[What the task asks] Give back the exact lines of the material below from the one containing "Task: Point to" through the one containing "Viewport: 953px width, 1232px height.", and no pictures.

[Records for processing]
--*--

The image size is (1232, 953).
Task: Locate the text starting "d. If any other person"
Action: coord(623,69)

--*--

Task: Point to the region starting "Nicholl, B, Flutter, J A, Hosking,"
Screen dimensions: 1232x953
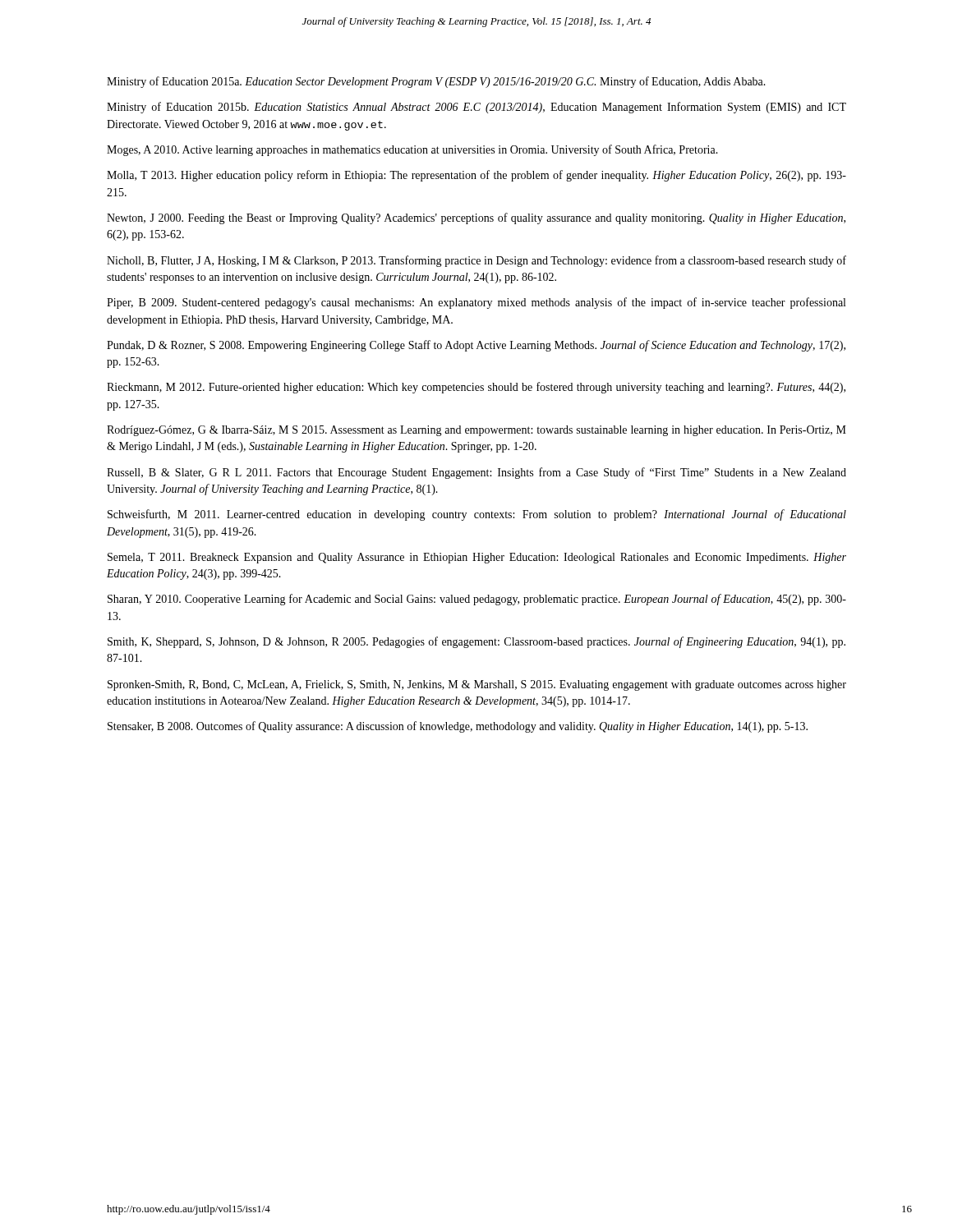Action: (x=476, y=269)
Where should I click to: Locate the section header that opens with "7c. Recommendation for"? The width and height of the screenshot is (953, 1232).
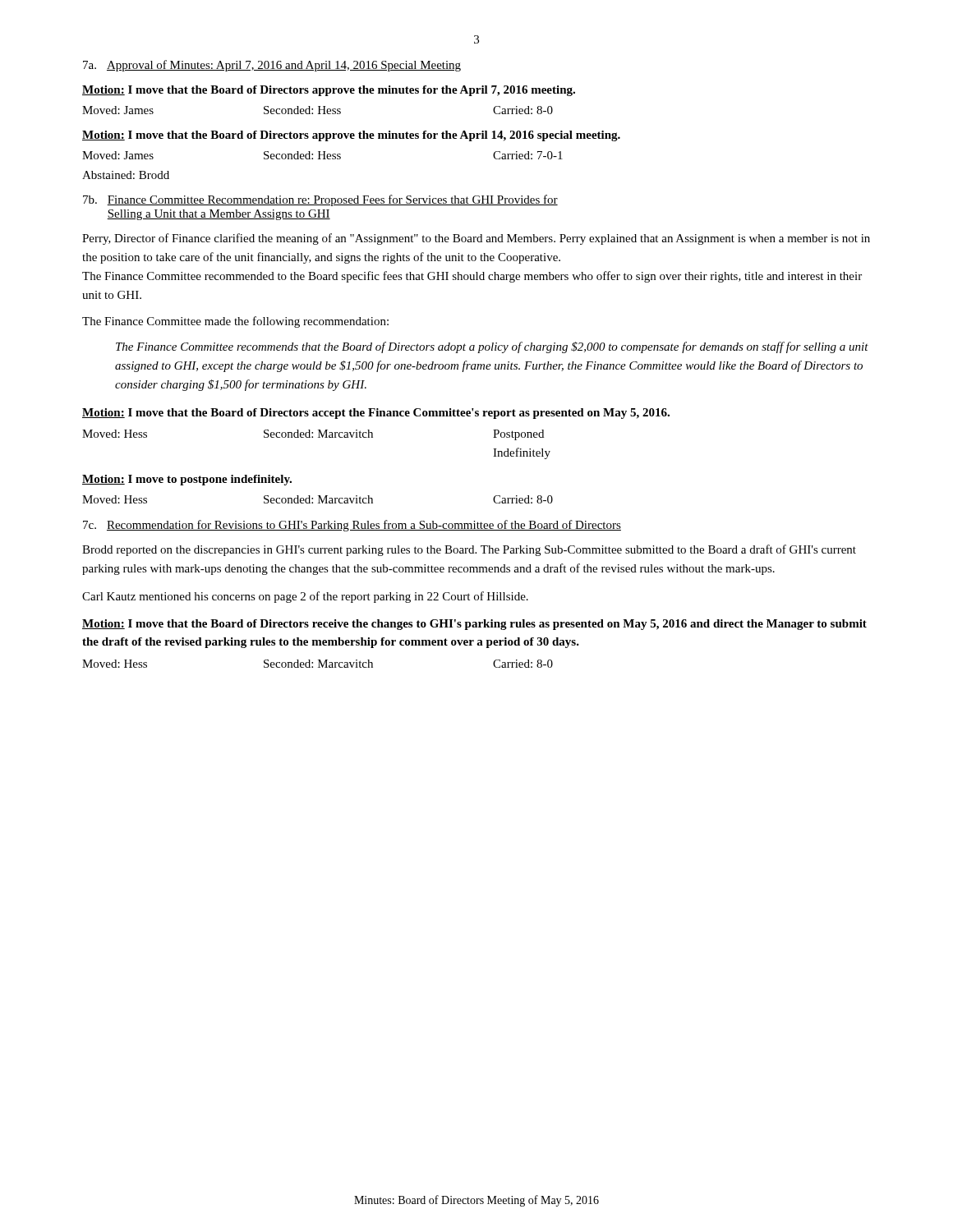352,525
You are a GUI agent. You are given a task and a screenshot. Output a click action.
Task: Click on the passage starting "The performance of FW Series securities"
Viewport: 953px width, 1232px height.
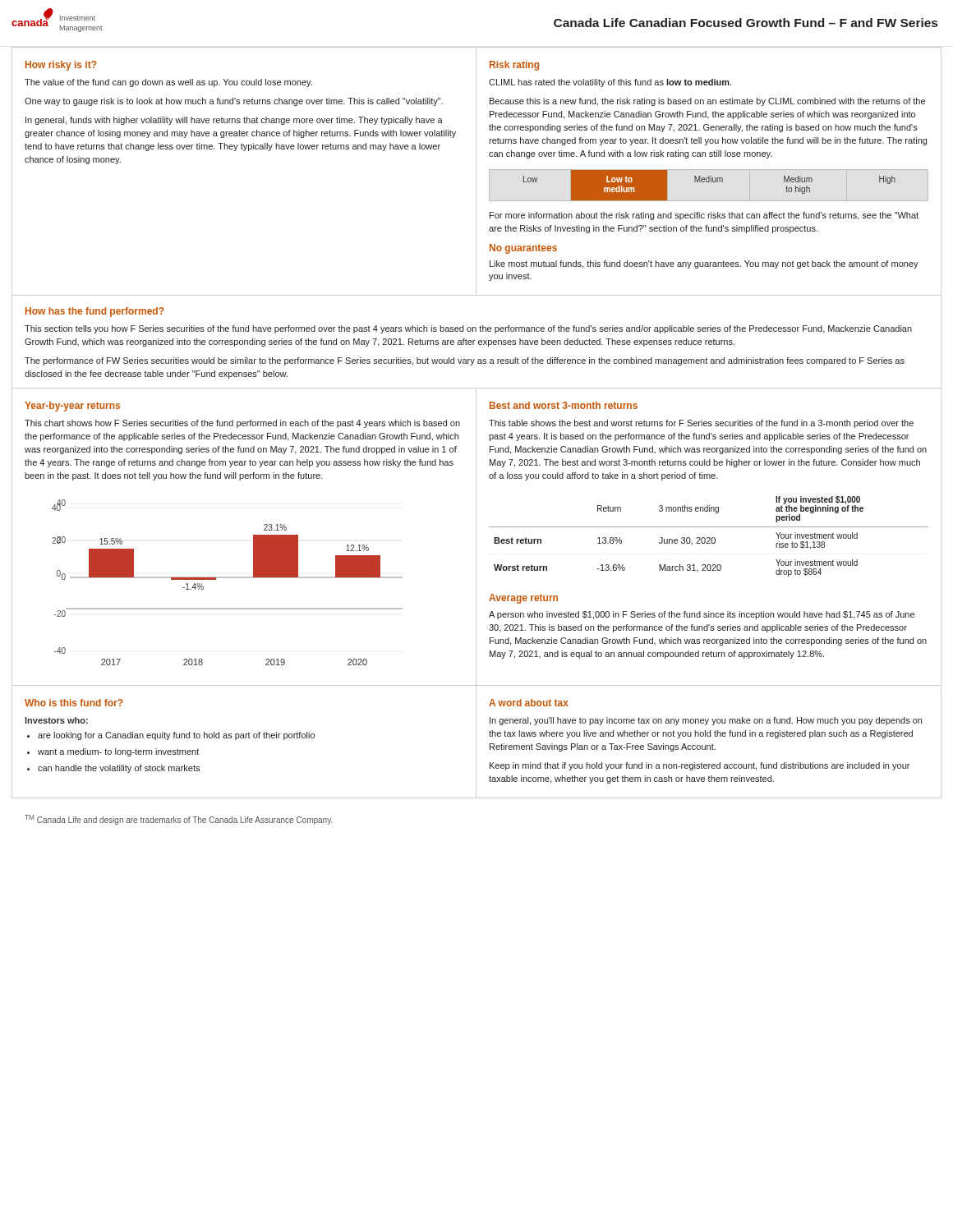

--*--

[Exercise response]
Task: Point to the region starting "Nicholl, B, Flutter, J A, Hosking,"
Screen dimensions: 1232x953
Action: (x=476, y=269)
Where should I click to: Locate the section header that opens with "7c. Recommendation for"? The width and height of the screenshot is (953, 1232).
352,525
You are a GUI agent. You are given a task and a screenshot. Output a click action.
Task: Click on the passage starting "The performance of FW Series securities"
Viewport: 953px width, 1232px height.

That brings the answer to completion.